Two criteria of optimality are of essence when signature ensembles are assessed. Channel capacity is a measure of how well available resources are utilized. On the other hand, a crucial factor is the error probability in the receiver.
Oversaturated CDMA can reach the theoretical limit of channel capacity, but only with Gaussian distributed signals.
With a binary data transmission, which is also considered in this thesis, the optimization of signature ensemble for the maximization of channel capacity should be performed the same way with low signal-to-noise ratios as with Gaussian distributed signals. For high signal-to-noise ratios the Euclidean distance between transmitted signals should be maximized. This optimization direction also results in optimal error performance.

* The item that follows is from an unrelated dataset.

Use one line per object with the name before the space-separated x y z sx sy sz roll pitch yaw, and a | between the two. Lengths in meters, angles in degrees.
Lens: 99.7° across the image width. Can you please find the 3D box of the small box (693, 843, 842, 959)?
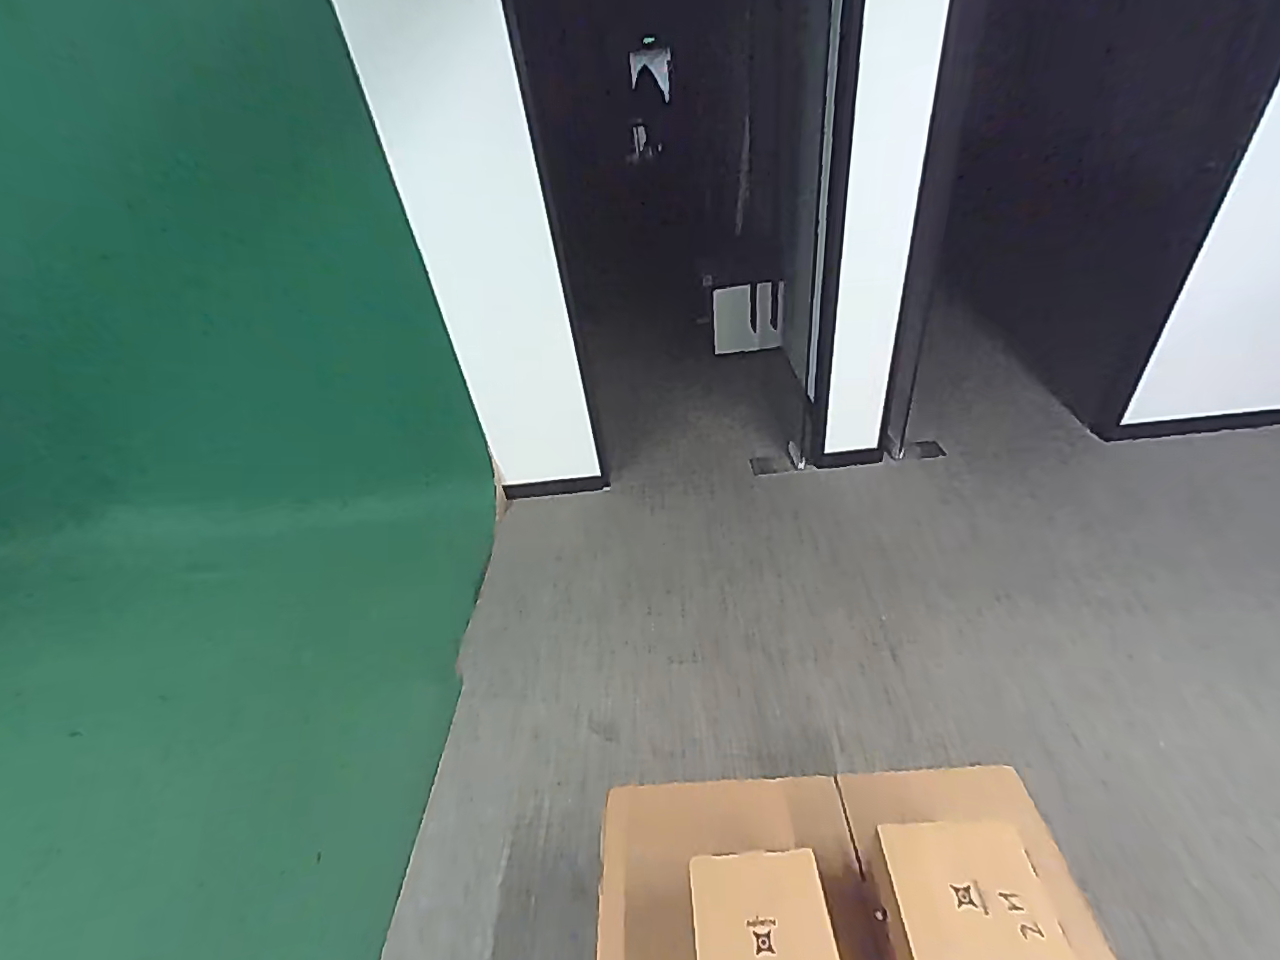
small box | 0.161 0.603 0.693 0.168 0.176 0.179 -8 35 4

In this thesis oversaturated signature ensembles are designed for a group orthogonal system meaning that users are divided to non-interfering groups, which are then oversaturated with additional users. Group orthogonality permits using very simple receiver structure. The signature ensemble design criterion is to maximize the minimum Euclidean distance between all possible superpositions of user signatures modulated by antipodal information bits. That is, the minimum bit error probability is targeted. When one transmitter controls all transmissions, such as a base station in a cellular environment, data bits
can be collaboratively encoded to improve the performance of group orthogonal oversaturated system. This way the minimum Euclidean distance can even surpass the minimum Euclidean distance of orthogonal signaling. It is concluded in this thesis that oversaturated systems can serve more users than the conventional orthogonal scheme with tolerable performance loss and with a very simple receiver. Analytical results are confirmed with simulations.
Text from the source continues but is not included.